Records contained in a dataset:
------------

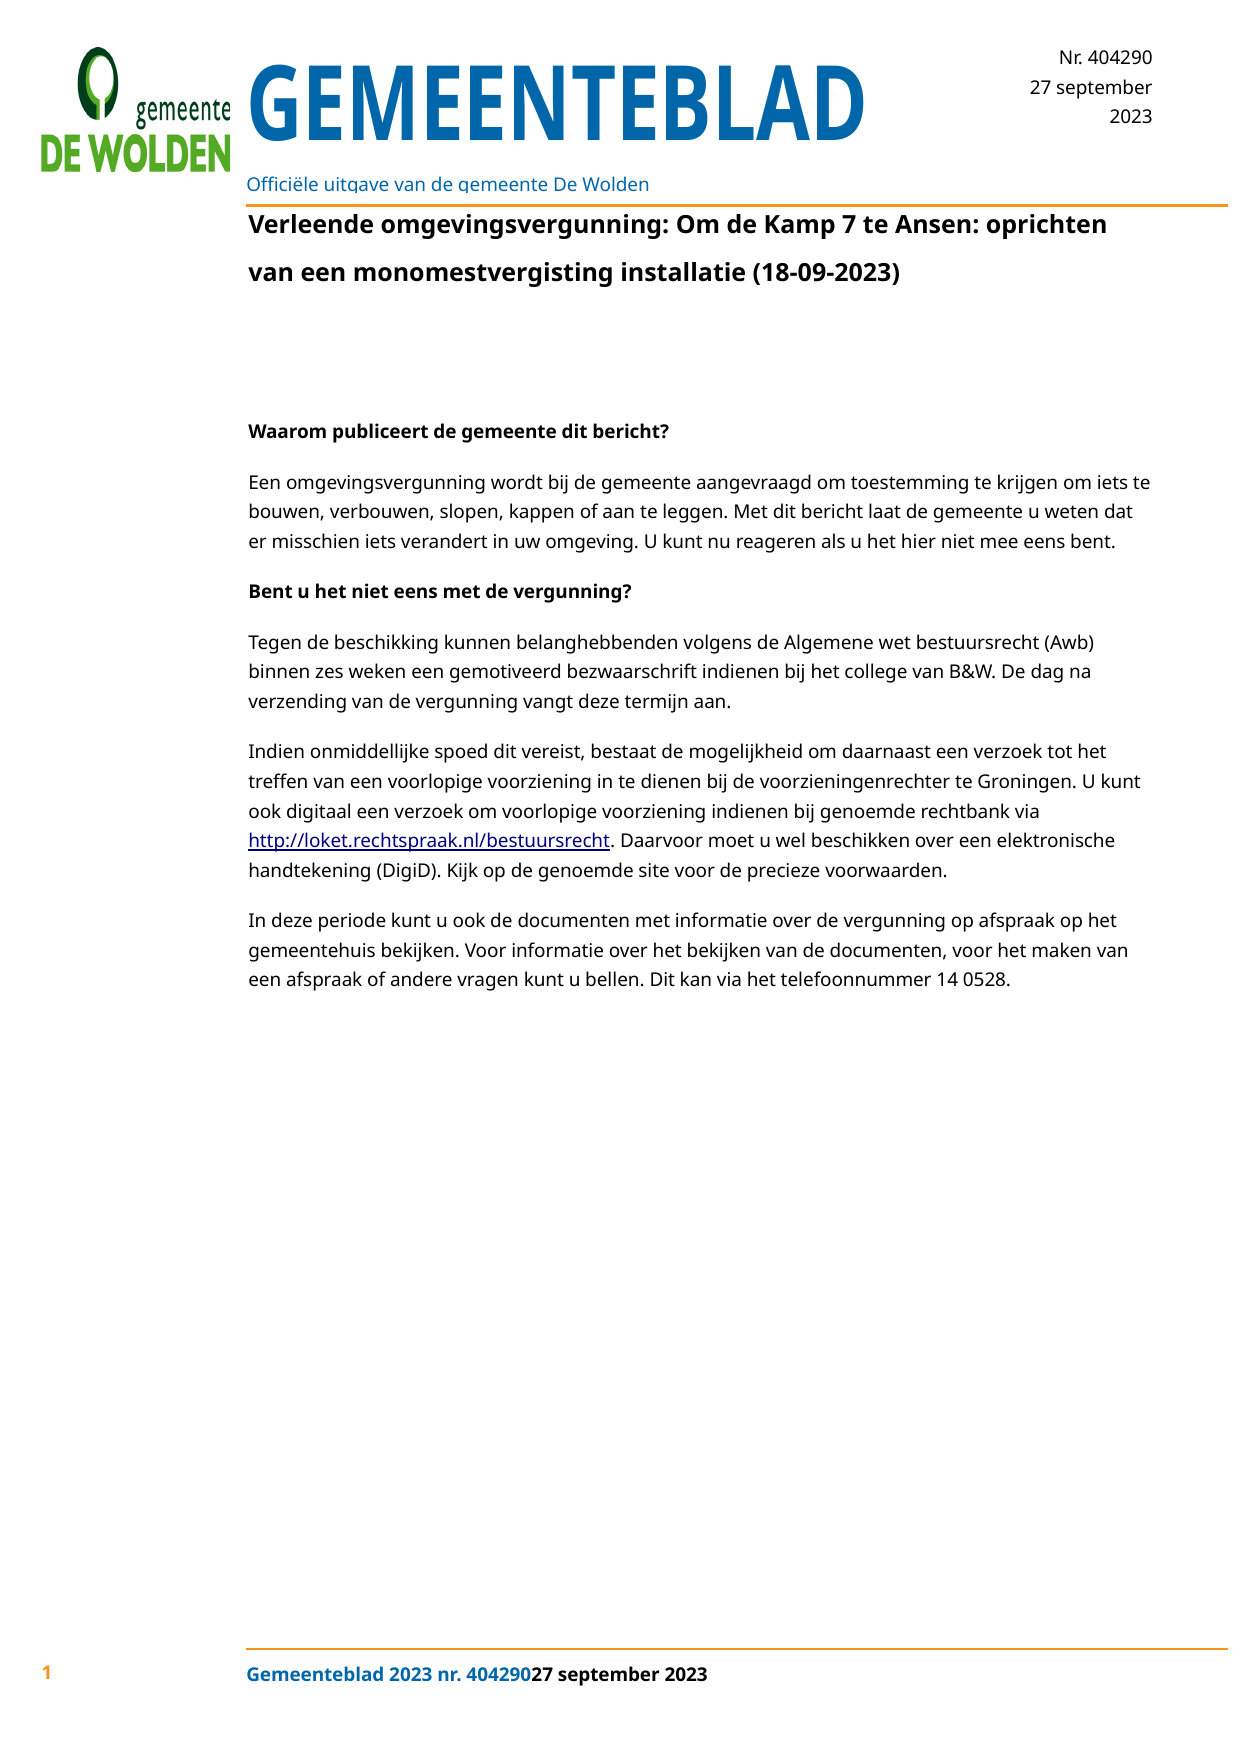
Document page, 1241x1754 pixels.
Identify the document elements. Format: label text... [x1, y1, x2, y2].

text Verleende omgevingsvergunning: Om de Kamp 7 te Ansen: oprichten van een monomestvergisting installatie (18-09-2023) [248, 207, 1152, 288]
text Waarom publiceert de gemeente dit bericht? [248, 419, 1152, 444]
text Indien onmiddellijke spoed dit vereist, bestaat de mogelijkheid om daarnaast een verzoek tot het treffen van een voorlopige voorziening in te dienen bij de voorzieningenrechter te Groningen. U kunt ook digitaal een verzoek om voorlopige voorziening indienen bij genoemde rechtbank via http://loket.rechtspraak.nl/bestuursrecht. Daarvoor moet u wel beschikken over een elektronische handtekening (DigiD). Kijk op de genoemde site voor de precieze voorwaarden. [248, 739, 1152, 883]
text Bent u het niet eens met de vergunning? [248, 579, 1152, 604]
text Een omgevingsvergunning wordt bij de gemeente aangevraagd om toestemming te krijgen om iets te bouwen, verbouwen, slopen, kappen of aan te leggen. Met dit bericht laat de gemeente u weten dat er misschien iets verandert in uw omgeving. U kunt nu reageren als u het hier niet mee eens bent. [248, 469, 1152, 554]
picture [41, 47, 231, 172]
text In deze periode kunt u ook de documenten met informatie over de vergunning op afspraak op het gemeentehuis bekijken. Voor informatie over het bekijken van de documenten, voor het maken van een afspraak of andere vragen kunt u bellen. Dit kan via het telefoonnummer 14 0528. [248, 907, 1152, 992]
text Tegen de beschikking kunnen belanghebbenden volgens de Algemene wet bestuursrecht (Awb) binnen zes weken een gemotiveerd bezwaarschrift indienen bij het college van B&W. De dag na verzending van de vergunning vangt deze termijn aan. [248, 629, 1152, 714]
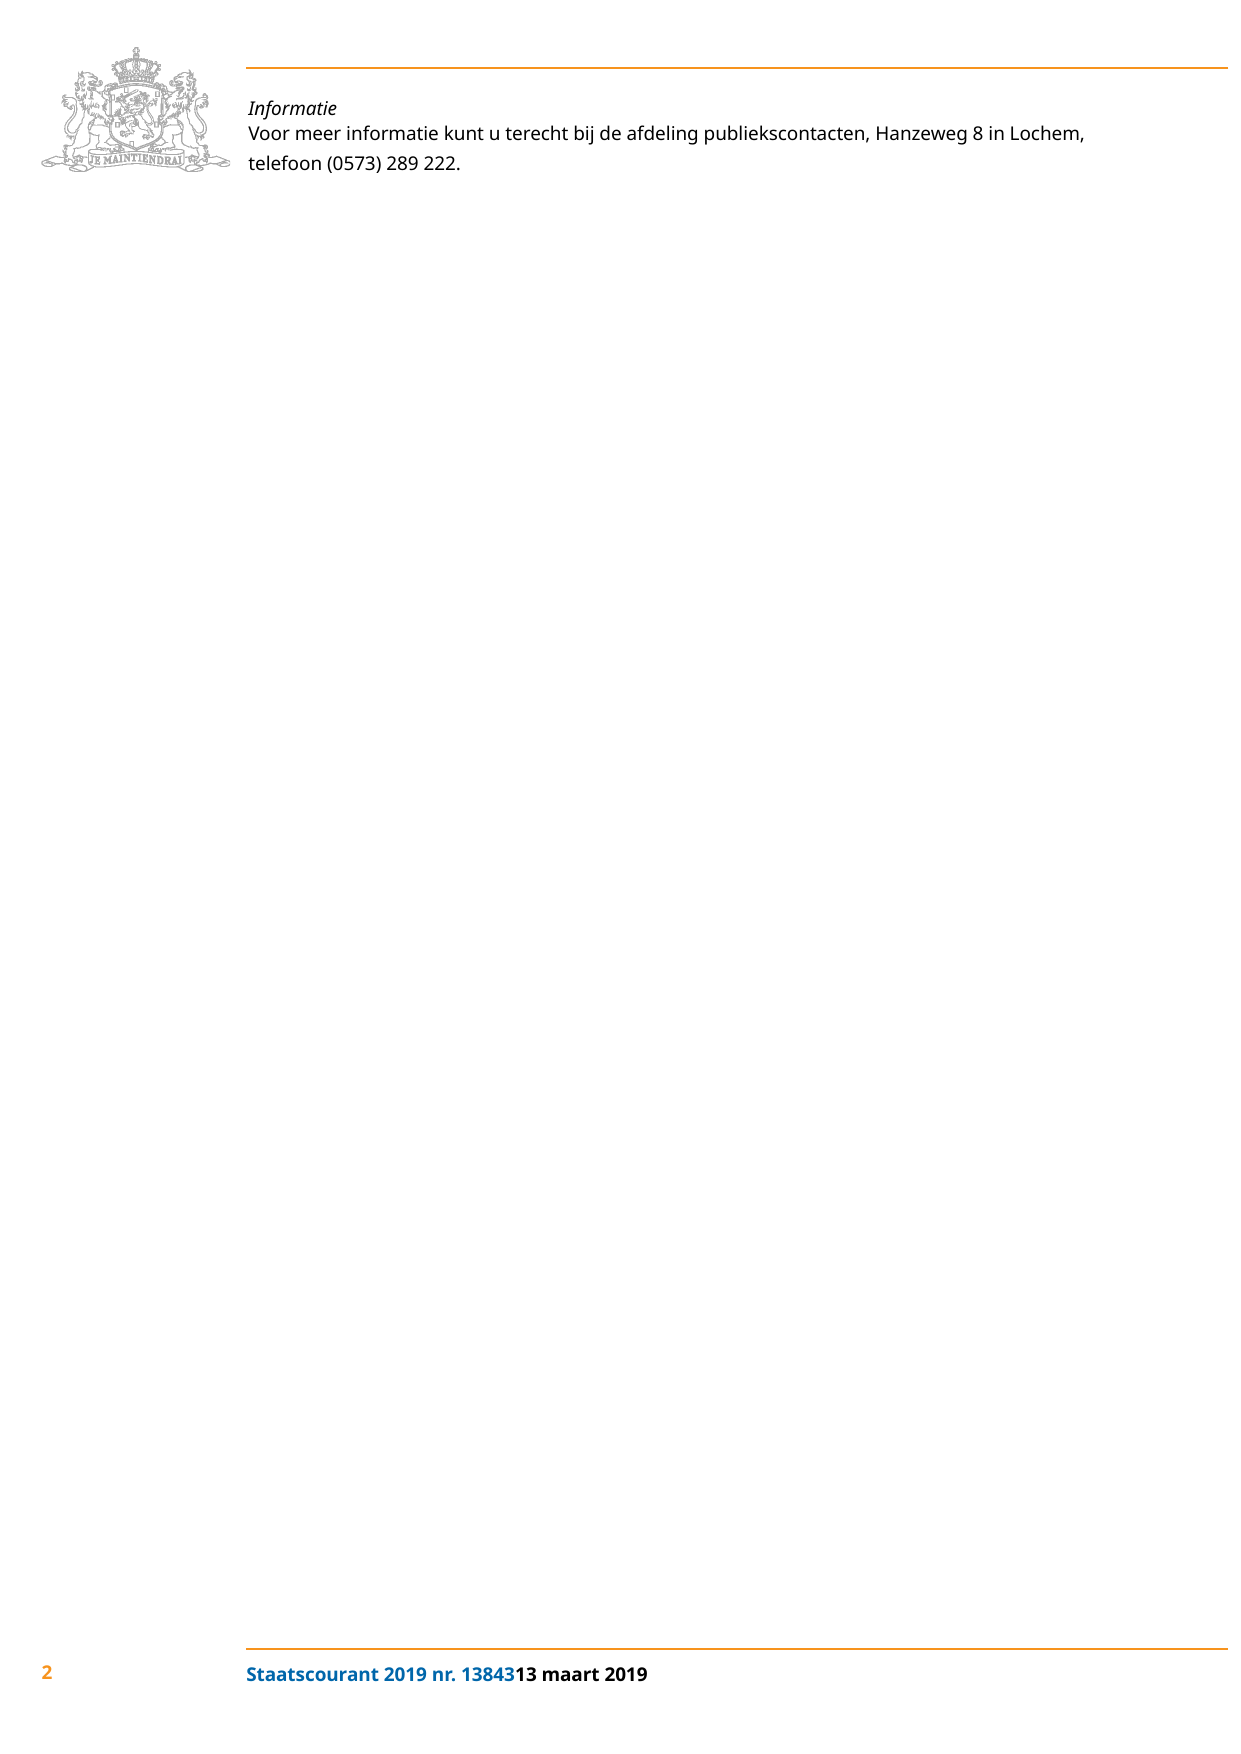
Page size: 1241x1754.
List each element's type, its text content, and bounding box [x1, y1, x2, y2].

text Informatie [248, 95, 1152, 121]
picture [41, 47, 231, 172]
text Voor meer informatie kunt u terecht bij de afdeling publiekscontacten, Hanzeweg 8 in Lochem, telefoon (0573) 289 222. [248, 121, 1152, 176]

------------

* WORK REQUEST *
Needed here is a verbatim copy of the data from the first line through the line with "text Waarom publiceert", without pictures.

* TASK RESULT *
Document page, 1241x1754 pixels.
Identify the document elements. Format: label text... [x1, y1, x2, y2].

text Verleende omgevingsvergunning: Om de Kamp 7 te Ansen: oprichten van een monomestvergisting installatie (18-09-2023) [248, 207, 1152, 288]
text Waarom publiceert de gemeente dit bericht? [248, 419, 1152, 444]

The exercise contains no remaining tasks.